I need two lighting animations and although I have seen these, I lost track of the resource.
I am looking for a campfire animation, as well as an arc welding animation. The arc welder will be in a building and may only include the erratic light bursts which would be viewed by the lights changing in teh windows of the building. If I opt to make the scene visible, I’ll use Artistta figures, so I don’t need a whole scene, just the mechanism to create the lighting effect.
Likewise the campfire, I have all the figures, I just need something to put in the ground and build a pit around.
I have used Miller Engineering (Lightworks USA) material and it is excellent, but they don’t seem to have anything applicable.
Frank :I have seen those same ones you mentioned on E-bay & they may be in one of my favorite sites !! I think they were buy it now. I’ll start looking & get back to you !!

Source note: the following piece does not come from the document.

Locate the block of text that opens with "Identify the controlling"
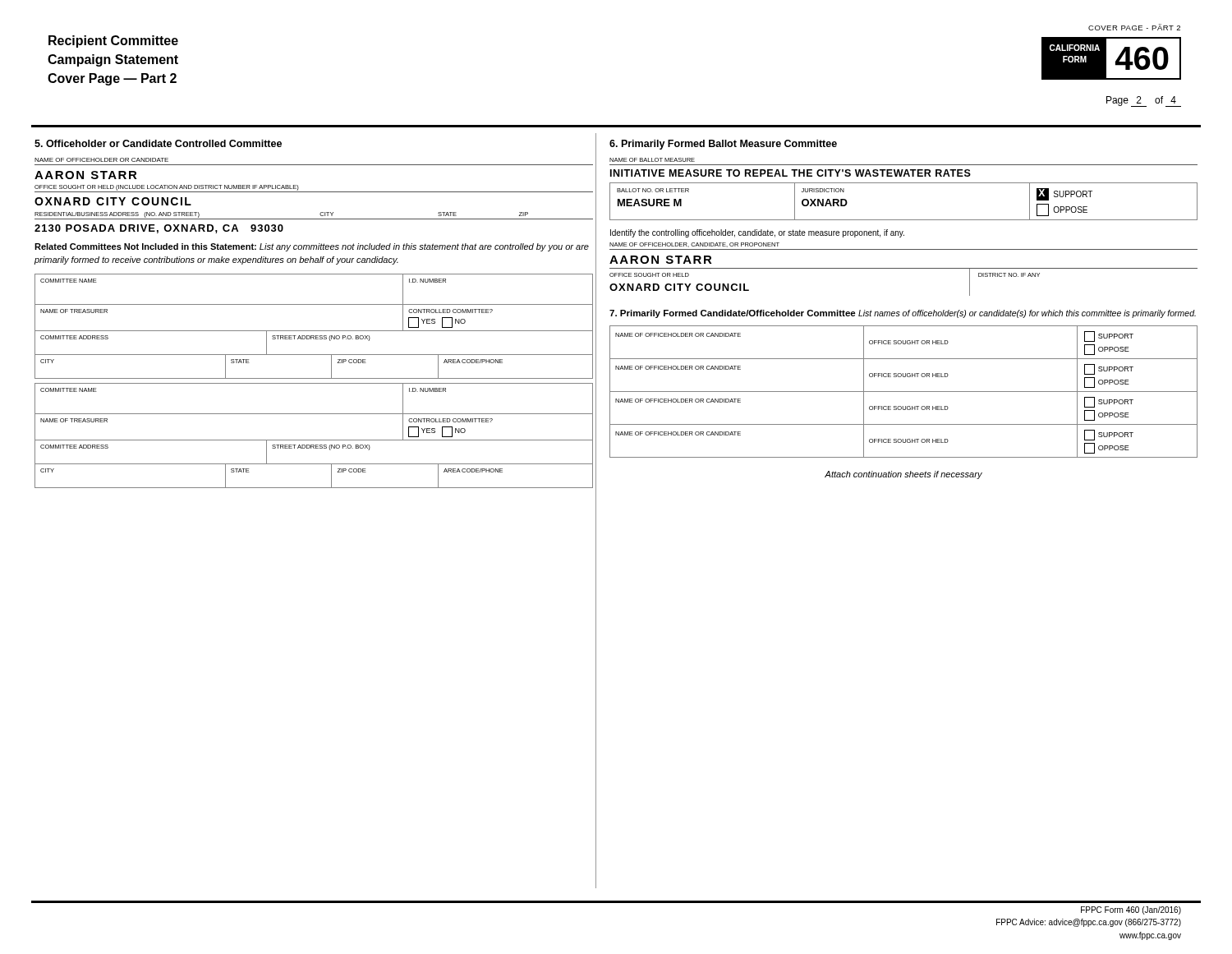1232x954 pixels. [x=757, y=233]
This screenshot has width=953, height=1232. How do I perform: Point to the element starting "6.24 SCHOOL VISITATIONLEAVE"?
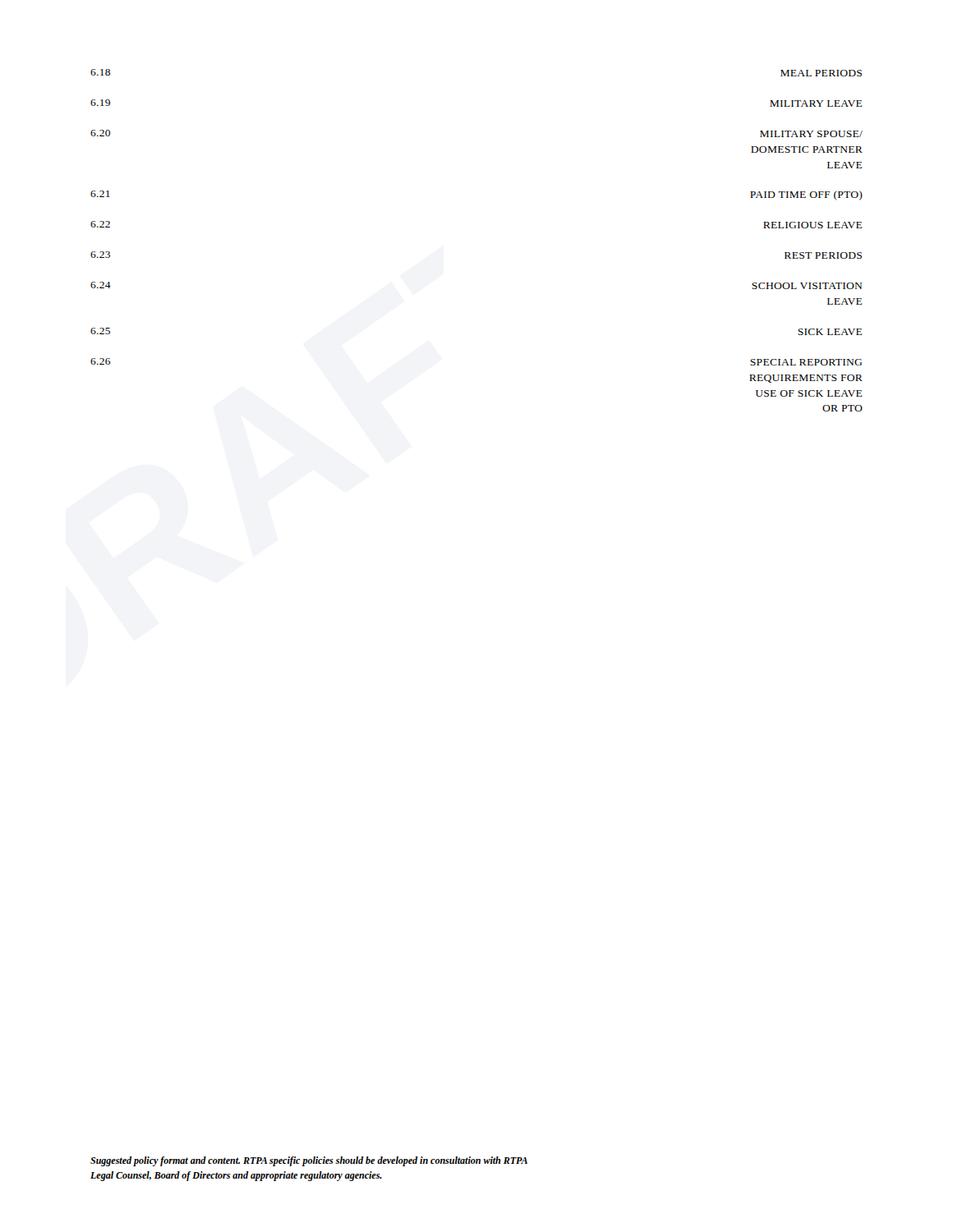coord(102,285)

I ordered a fire sim circuit Model CFC1003 from Micro Magic Studios that I am well pleased with. I found it on EBay- search Model railroad - HO scale fire simulator. He just ended the free shipping sale and right now the item is not up- but I’m sure he’ll be posting again - you could email him. I tried to post a picture of my Hobo camp but I couldn’t get it to work - there are some pix on Ebay.
I use a circuit with two LM555 timer ICs for simulating a flame. A thin coat of red permanent marker is on the lamp.
For simulating a welding arc, I use an old transistor AM/FM radio with a tiny 1.5 volt lamp connected to the headphone output using a headphone jack. Adjust the volume/tuning/AM or FM to get a suitable flash rate. I put a thin film of permanent blue marker on the lamp. I also hooked up a LM555 timer to have about a seven second flash and three seonds of no flash. This circuit is in line with one of the wires to the lamp. I suspect you could also use the radio for a camp fire flame. Experiment.
If you have a dam, waterfall or brook, use a transistor radio under the layout and set the radio in between channels on the FM band. You get a nice hiss (white noise). Again, experiment.
I built my own white noise generator with two ICs, a few capacitors, resistors and speaker. It puts out a nice hiss.